▸ Directions
Lift out all lines below that contain "Lengths".

[Records from a collection]
- Opening Delimiter -

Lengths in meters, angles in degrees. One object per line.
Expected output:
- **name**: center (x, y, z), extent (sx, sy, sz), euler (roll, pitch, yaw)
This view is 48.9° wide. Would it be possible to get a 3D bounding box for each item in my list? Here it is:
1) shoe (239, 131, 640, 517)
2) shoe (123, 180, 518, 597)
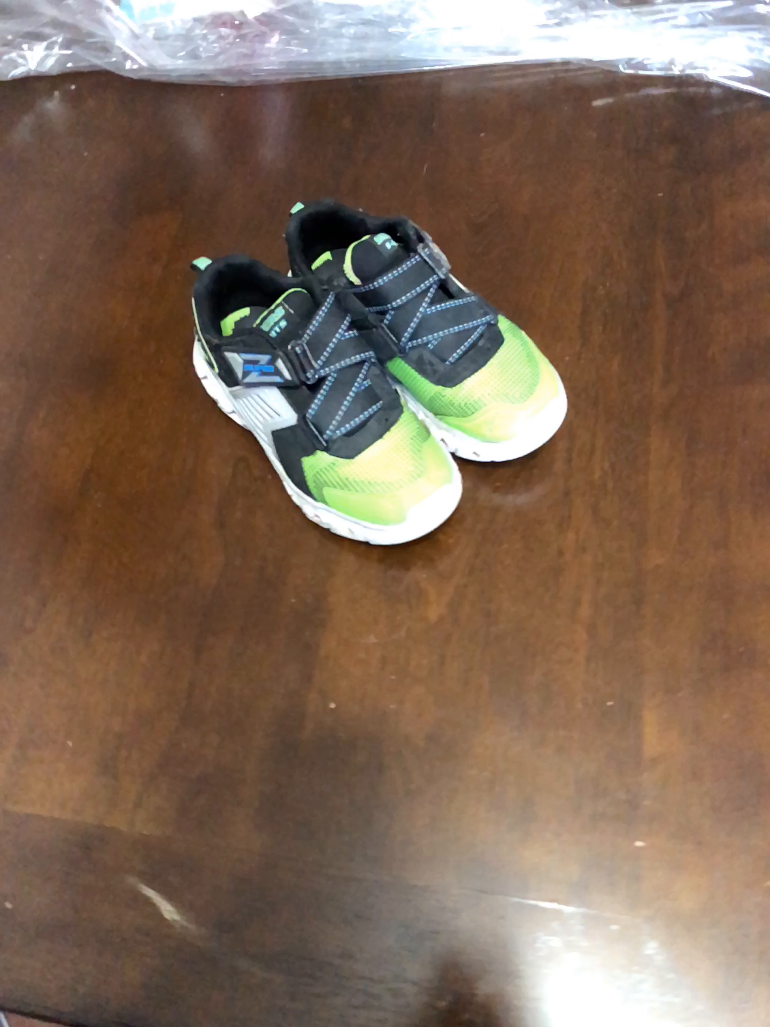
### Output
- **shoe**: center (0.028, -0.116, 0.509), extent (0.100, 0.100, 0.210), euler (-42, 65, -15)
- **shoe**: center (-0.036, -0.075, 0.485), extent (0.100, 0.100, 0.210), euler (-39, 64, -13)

- Closing Delimiter -
- Opening Delimiter -

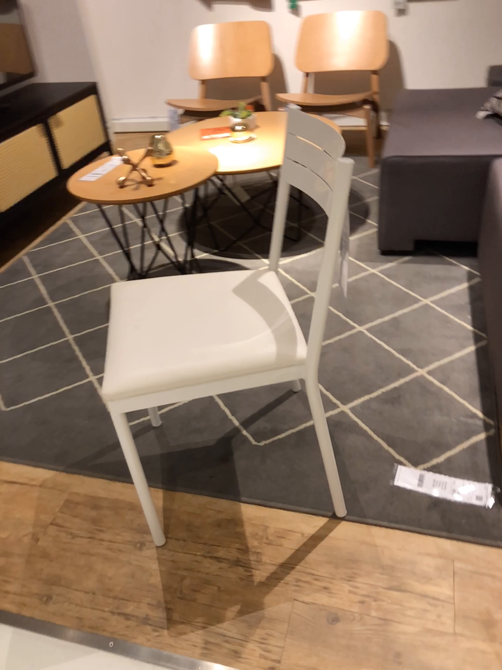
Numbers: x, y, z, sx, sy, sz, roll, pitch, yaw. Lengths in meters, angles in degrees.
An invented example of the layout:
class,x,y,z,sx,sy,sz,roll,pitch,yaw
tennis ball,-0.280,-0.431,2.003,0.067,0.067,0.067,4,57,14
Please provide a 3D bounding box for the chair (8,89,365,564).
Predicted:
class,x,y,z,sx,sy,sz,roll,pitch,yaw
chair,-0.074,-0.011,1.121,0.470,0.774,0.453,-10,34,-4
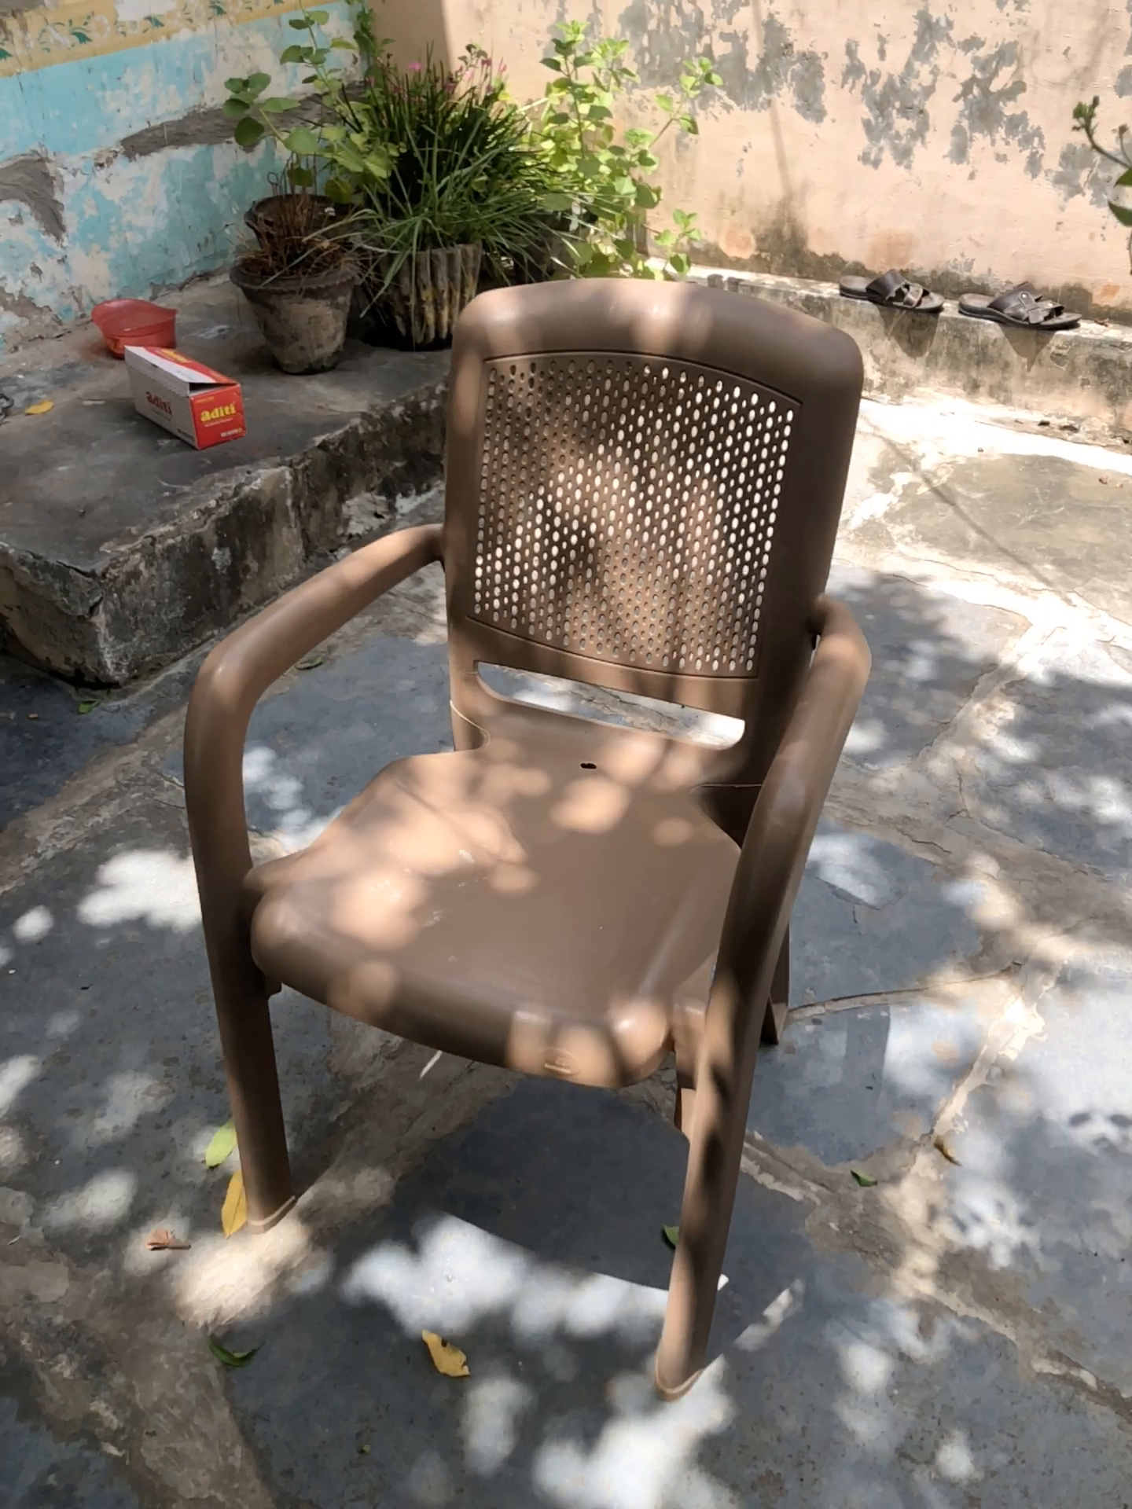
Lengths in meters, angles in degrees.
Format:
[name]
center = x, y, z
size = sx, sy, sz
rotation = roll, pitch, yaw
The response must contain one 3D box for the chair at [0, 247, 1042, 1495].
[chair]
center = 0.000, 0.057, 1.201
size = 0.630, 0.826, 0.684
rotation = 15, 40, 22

- Closing Delimiter -
- Opening Delimiter -

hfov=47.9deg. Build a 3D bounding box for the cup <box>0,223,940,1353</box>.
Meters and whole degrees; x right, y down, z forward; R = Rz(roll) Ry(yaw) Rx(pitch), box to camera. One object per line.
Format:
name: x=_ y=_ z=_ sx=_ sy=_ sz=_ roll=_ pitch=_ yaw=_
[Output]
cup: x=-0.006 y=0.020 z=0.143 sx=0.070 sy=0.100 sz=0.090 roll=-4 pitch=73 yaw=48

- Closing Delimiter -

▸ Result
Lengths in meters, angles in degrees. One object per line.
Numbers: x, y, z, sx, sy, sz, roll, pitch, yaw. Lengths in meters, angles in degrees.
Lengths in meters, angles in degrees.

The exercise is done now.